The test, performed on Abbott’s portable i-STAT Alinity instrument, provides lab-quality results within 15 minutes.
It facilitates rapid evaluation of mild traumatic brain injuries (mTBI) at the patient’s bedside.
The i-STAT TBI test cartridge can now be used up to 24 hours post-injury, a significant improvement against the common delay in seeking care, said Abbott.
The approval broadens Abbott’s TBI test offerings, complementing its existing i-STAT TBI Plasma test and ARCHITECT and Alinity i lab tests.
Abbott diagnostics business senior medical director Beth McQuiston said: “Abbott has pioneered breakthroughs in TBI testing technology for more than a decade.
“We’re proud of this important step forward in advancing the standard of care for concussions.
“With this approval, right from the patient’s bedside, clinicians are now able to order a rapid blood test that can provide powerful objective information, quickly.”
The regulatory approval enables testing in diverse healthcare settings, such as urgent care clinics, and potentially in pharmacies and at sporting event sidelines.
It enables clinicians to evaluate patients aged 18 and older with suspected mTBI, potentially reducing the need for computer tomography (CT) scans.
The test requires a small venous blood sample, which is applied to the cartridge and inserted into the i-STAT Alinity instrument.
It measures two brain-specific biomarkers, ubiquitin C-terminal hydrolase L1 (UCH-L1) and glial fibrillary acidic protein (GFAP), which are released during significant brain injuries.
If these biomarkers are below established thresholds, a CT scan may be unnecessary, supporting effective patient care decisions.
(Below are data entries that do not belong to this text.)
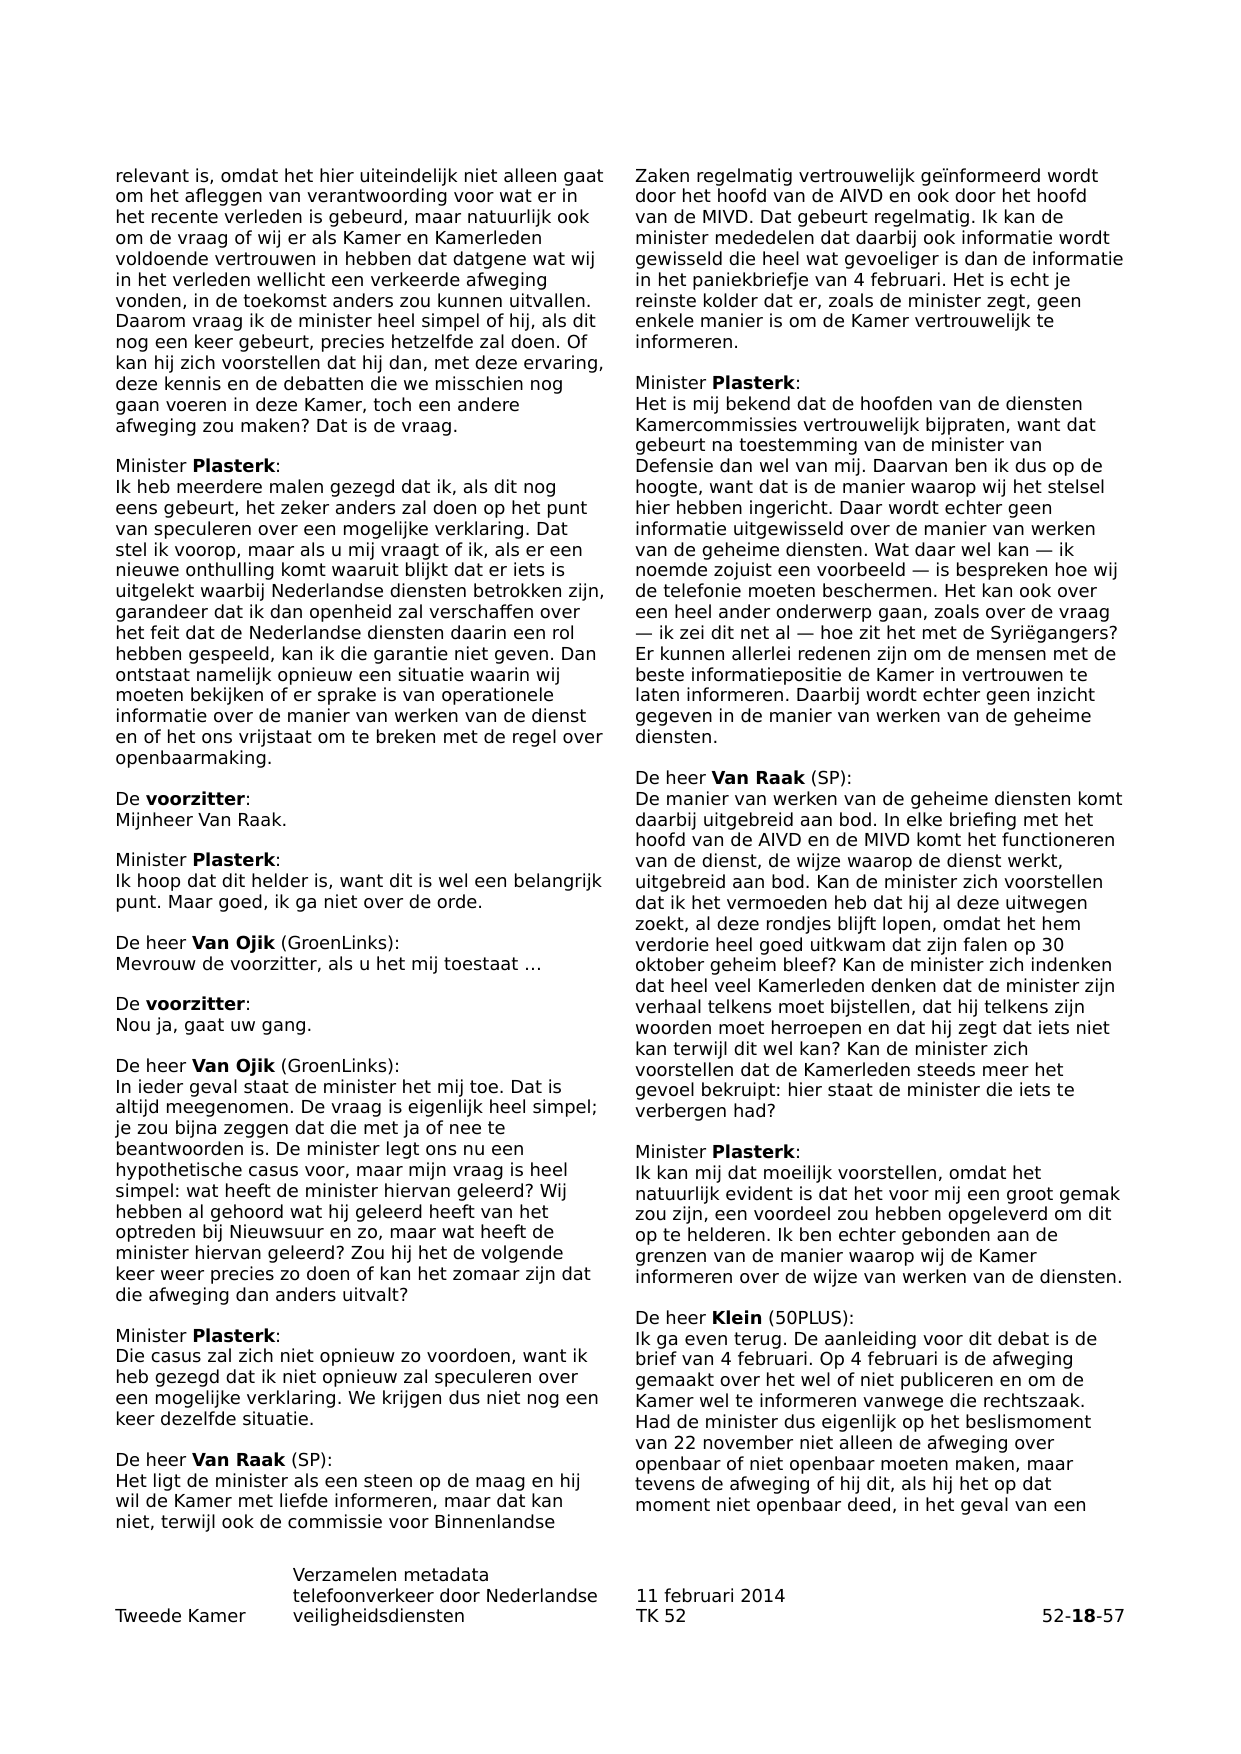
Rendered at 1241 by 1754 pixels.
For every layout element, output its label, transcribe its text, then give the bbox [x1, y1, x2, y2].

text relevant is, omdat het hier uiteindelijk niet alleen gaat om het afleggen van verantwoording voor wat er in het recente verleden is gebeurd, maar natuurlijk ook om de vraag of wij er als Kamer en Kamerleden voldoende vertrouwen in hebben dat datgene wat wij in het verleden wellicht een verkeerde afweging vonden, in de toekomst anders zou kunnen uitvallen. Daarom vraag ik de minister heel simpel of hij, als dit nog een keer gebeurt, precies hetzelfde zal doen. Of kan hij zich voorstellen dat hij dan, met deze ervaring, deze kennis en de debatten die we misschien nog gaan voeren in deze Kamer, toch een andere afweging zou maken? Dat is de vraag. [115, 165, 605, 436]
text De heer Klein (50PLUS): [635, 1307, 1125, 1328]
text De heer Van Raak (SP): [115, 1449, 605, 1470]
text Zaken regelmatig vertrouwelijk geïnformeerd wordt door het hoofd van de AIVD en ook door het hoofd van de MIVD. Dat gebeurt regelmatig. Ik kan de minister mededelen dat daarbij ook informatie wordt gewisseld die heel wat gevoeliger is dan de informatie in het paniekbriefje van 4 februari. Het is echt je reinste kolder dat er, zoals de minister zegt, geen enkele manier is om de Kamer vertrouwelijk te informeren. [635, 165, 1125, 353]
text Mijnheer Van Raak. [115, 809, 605, 830]
text Minister Plasterk: [115, 456, 605, 477]
text De heer Van Raak (SP): [635, 768, 1125, 788]
text Ik heb meerdere malen gezegd dat ik, als dit nog eens gebeurt, het zeker anders zal doen op het punt van speculeren over een mogelijke verklaring. Dat stel ik voorop, maar als u mij vraagt of ik, als er een nieuwe onthulling komt waaruit blijkt dat er iets is uitgelekt waarbij Nederlandse diensten betrokken zijn, garandeer dat ik dan openheid zal verschaffen over het feit dat de Nederlandse diensten daarin een rol hebben gespeeld, kan ik die garantie niet geven. Dan ontstaat namelijk opnieuw een situatie waarin wij moeten bekijken of er sprake is van operationele informatie over de manier van werken van de dienst en of het ons vrijstaat om te breken met de regel over openbaarmaking. [115, 477, 605, 768]
text Die casus zal zich niet opnieuw zo voordoen, want ik heb gezegd dat ik niet opnieuw zal speculeren over een mogelijke verklaring. We krijgen dus niet nog een keer dezelfde situatie. [115, 1346, 605, 1429]
text Ik hoop dat dit helder is, want dit is wel een belangrijk punt. Maar goed, ik ga niet over de orde. [115, 871, 605, 912]
text Minister Plasterk: [635, 373, 1125, 393]
text In ieder geval staat de minister het mij toe. Dat is altijd meegenomen. De vraag is eigenlijk heel simpel; je zou bijna zeggen dat die met ja of nee te beantwoorden is. De minister legt ons nu een hypothetische casus voor, maar mijn vraag is heel simpel: wat heeft de minister hiervan geleerd? Wij hebben al gehoord wat hij geleerd heeft van het optreden bij Nieuwsuur en zo, maar wat heeft de minister hiervan geleerd? Zou hij het de volgende keer weer precies zo doen of kan het zomaar zijn dat die afweging dan anders uitvalt? [115, 1076, 605, 1306]
text Minister Plasterk: [115, 850, 605, 871]
text De manier van werken van de geheime diensten komt daarbij uitgebreid aan bod. In elke briefing met het hoofd van de AIVD en de MIVD komt het functioneren van de dienst, de wijze waarop de dienst werkt, uitgebreid aan bod. Kan de minister zich voorstellen dat ik het vermoeden heb dat hij al deze uitwegen zoekt, al deze rondjes blijft lopen, omdat het hem verdorie heel goed uitkwam dat zijn falen op 30 oktober geheim bleef? Kan de minister zich indenken dat heel veel Kamerleden denken dat de minister zijn verhaal telkens moet bijstellen, dat hij telkens zijn woorden moet herroepen en dat hij zegt dat iets niet kan terwijl dit wel kan? Kan de minister zich voorstellen dat de Kamerleden steeds meer het gevoel bekruipt: hier staat de minister die iets te verbergen had? [635, 788, 1125, 1122]
text Ik kan mij dat moeilijk voorstellen, omdat het natuurlijk evident is dat het voor mij een groot gemak zou zijn, een voordeel zou hebben opgeleverd om dit op te helderen. Ik ben echter gebonden aan de grenzen van de manier waarop wij de Kamer informeren over de wijze van werken van de diensten. [635, 1162, 1125, 1287]
text Mevrouw de voorzitter, als u het mij toestaat … [115, 953, 605, 974]
text De voorzitter: [115, 994, 605, 1015]
text Minister Plasterk: [635, 1142, 1125, 1162]
text De heer Van Ojik (GroenLinks): [115, 932, 605, 953]
text Nou ja, gaat uw gang. [115, 1015, 605, 1036]
text De heer Van Ojik (GroenLinks): [115, 1056, 605, 1076]
text Ik ga even terug. De aanleiding voor dit debat is de brief van 4 februari. Op 4 februari is de afweging gemaakt over het wel of niet publiceren en om de Kamer wel te informeren vanwege die rechtszaak. Had de minister dus eigenlijk op het beslismoment van 22 november niet alleen de afweging over openbaar of niet openbaar moeten maken, maar tevens de afweging of hij dit, als hij het op dat moment niet openbaar deed, in het geval van een [635, 1328, 1125, 1516]
text Het is mij bekend dat de hoofden van de diensten Kamercommissies vertrouwelijk bijpraten, want dat gebeurt na toestemming van de minister van Defensie dan wel van mij. Daarvan ben ik dus op de hoogte, want dat is de manier waarop wij het stelsel hier hebben ingericht. Daar wordt echter geen informatie uitgewisseld over de manier van werken van de geheime diensten. Wat daar wel kan — ik noemde zojuist een voorbeeld — is bespreken hoe wij de telefonie moeten beschermen. Het kan ook over een heel ander onderwerp gaan, zoals over de vraag — ik zei dit net al — hoe zit het met de Syriëgangers? Er kunnen allerlei redenen zijn om de mensen met de beste informatiepositie de Kamer in vertrouwen te laten informeren. Daarbij wordt echter geen inzicht gegeven in de manier van werken van de geheime diensten. [635, 393, 1125, 748]
text Minister Plasterk: [115, 1326, 605, 1346]
text Het ligt de minister als een steen op de maag en hij wil de Kamer met liefde informeren, maar dat kan niet, terwijl ook de commissie voor Binnenlandse [115, 1470, 605, 1533]
text De voorzitter: [115, 788, 605, 809]

University of Toronto associate professor and St. Michael’s Hospital trauma surgeon and medical director Andrew Beckett said: “Particularly in the emergency setting, we have long needed a reliable and expedient way to assess and triage patients for urgent computed tomography (CT) imaging of the brain after head trauma.
“The availability of a rapid point of care and objective test for traumatic brain injury will be a major advancement in emergency care as it can help facilitate immediate and precise diagnosis, ensuring prompt, appropriate treatment.”
Recently, Abbott secured the US Food and Drug Administration (FDA) approval for its Tendyne transcatheter mitral valve replacement (TMVR) system.
Tendyne is a minimally invasive device that addresses mitral valve malfunction due to severe mitral annular calcification (MAC), a condition where calcium builds up in the annulus.